The contents of this critique may be used (also verbatim) for educational and non-commercial purposes, including articles for Wikipedia and similar sites.
I’m not going to go through your points one by one, which would be pointless, but I’ll make a few general remarks.
Yes lots and lots of people have used chain rule before [Rumelhart et al. 1986], lots of people figured you could multiply Jacobians in reverse order in a multi-step function (perhaps even going back to Gauss, Leibniz, Newton, and Lagrange). But did they all “invent backprop?” No! They did not realize how this could be used for machine learning and they sure didn’t implement it and made it work for that. Many people were looking for a multi-layer learning algorithm in the 60s (and a few in the 70s). If the backprop idea had been so obvious, many people would have found it and demonstrated it. The point is that no one managed to demonstrate a working instantiation until the mid 80s. Perhaps this idea is obvious in hindsight, but that’s a feature of many good ideas: they are obvious in hindsight. The same is true for ConvNets. It’s a pretty obvious idea in hindsight.

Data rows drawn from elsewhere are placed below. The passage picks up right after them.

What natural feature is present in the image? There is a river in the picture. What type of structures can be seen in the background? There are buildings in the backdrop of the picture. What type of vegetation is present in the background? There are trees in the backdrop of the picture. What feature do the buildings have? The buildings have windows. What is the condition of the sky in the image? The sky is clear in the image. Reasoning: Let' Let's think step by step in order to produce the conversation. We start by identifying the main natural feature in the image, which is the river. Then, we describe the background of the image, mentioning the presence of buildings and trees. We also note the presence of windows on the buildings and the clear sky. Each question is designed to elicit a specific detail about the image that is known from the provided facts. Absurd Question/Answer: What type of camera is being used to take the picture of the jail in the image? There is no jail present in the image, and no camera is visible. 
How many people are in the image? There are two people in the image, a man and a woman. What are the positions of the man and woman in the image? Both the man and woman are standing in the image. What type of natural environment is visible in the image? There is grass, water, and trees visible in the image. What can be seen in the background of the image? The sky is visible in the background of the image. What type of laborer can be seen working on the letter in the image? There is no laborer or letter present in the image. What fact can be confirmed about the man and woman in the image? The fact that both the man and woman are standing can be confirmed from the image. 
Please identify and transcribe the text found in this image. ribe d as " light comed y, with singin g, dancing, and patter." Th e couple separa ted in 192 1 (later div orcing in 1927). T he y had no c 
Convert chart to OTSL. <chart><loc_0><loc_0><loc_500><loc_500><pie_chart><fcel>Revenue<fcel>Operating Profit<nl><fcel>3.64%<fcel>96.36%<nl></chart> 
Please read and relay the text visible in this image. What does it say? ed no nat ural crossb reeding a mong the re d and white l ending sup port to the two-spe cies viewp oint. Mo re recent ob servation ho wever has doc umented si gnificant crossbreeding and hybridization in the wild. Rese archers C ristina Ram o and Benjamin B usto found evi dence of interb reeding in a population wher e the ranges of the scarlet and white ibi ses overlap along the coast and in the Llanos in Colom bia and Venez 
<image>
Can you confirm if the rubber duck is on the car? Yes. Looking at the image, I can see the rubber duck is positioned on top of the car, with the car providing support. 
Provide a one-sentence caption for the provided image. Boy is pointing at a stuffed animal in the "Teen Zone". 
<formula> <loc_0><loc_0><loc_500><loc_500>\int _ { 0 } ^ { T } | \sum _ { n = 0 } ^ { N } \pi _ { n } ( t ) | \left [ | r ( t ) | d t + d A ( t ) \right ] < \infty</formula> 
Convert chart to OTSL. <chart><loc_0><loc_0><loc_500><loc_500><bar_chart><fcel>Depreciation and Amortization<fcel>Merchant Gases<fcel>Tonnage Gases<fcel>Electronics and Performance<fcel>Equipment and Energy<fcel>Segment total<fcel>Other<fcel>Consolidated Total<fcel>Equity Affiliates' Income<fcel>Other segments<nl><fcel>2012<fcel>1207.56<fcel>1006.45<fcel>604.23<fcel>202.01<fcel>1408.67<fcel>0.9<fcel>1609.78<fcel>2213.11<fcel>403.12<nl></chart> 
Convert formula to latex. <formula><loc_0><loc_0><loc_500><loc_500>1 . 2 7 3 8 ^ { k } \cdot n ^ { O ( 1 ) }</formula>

Yes, a few people actually figured out early on that you could use chain rule for training a machine (including Rumelhart by the way. It took him and Geoff Hinton several years to get it to work). Some people had the intuition that you could use backward signals to train a multi-stage system (e.g. system theorist A.M. Andrews in the early 70s). But did they reduce it to practice and did they manage to make it work? No. that didn’t really happen until the mid-1980s.
I actually was the one who originally made the connection between backprop and the adjoint method used in control theory (the Bryson, Kelly, Dreyfus methods). In my 1987 PhD thesis, I have a derivation of backprop using a Lagrangian formulation which was inspired by control theory methods. I eventually wrote a couple papers about this connection [“a theoretical framework for backpropagation” 1988].
How should we attribute credit? Let’s use an analogy, lots of people tried to build airplanes and helicopters in the late 19th century and early 20th century. Many people had the right sort of ideas. An airplane even took on its own power in 1890 (Clément Ader’s Eole), quite a few airplanes flew more or less well before 1903. But the Wright Brothers get most of the credit because they were the first ones to build a fully controllable airplane. Same for the helicopter. Lots of people tried to build helicopters in the early 20th century, and several took off. But the idea didn’t become practical until Sikorski’s refinement of the cyclic control and tail rotor in the late 30s and early 40s. Who should get credit? Leonardo da Vinci?
Also, ConvNets were indeed “largely forsaken by the mainstream computer-vision and machine-learning communities until the ImageNet competition in 2012.” I’m rather well positioned to speak about this, having had countless ConvNet papers rejected, published and ignored, and occasionally paid attention to, for over 15 years before your group even started playing with the idea. We did have quite a few successful vision applications of ConvNets before 2012, but they really did not gather much interest from the vision and learning communities, and certainly didn’t trigger the revolution that came after the 2012 ImageNet results.
Krizhevski, Sutskever and Hinton get a lot of credit for their work, and it’s well deserved. They used many of my ideas (and added a few), but you don’t see me complain about it. That’s how science and technology make progress.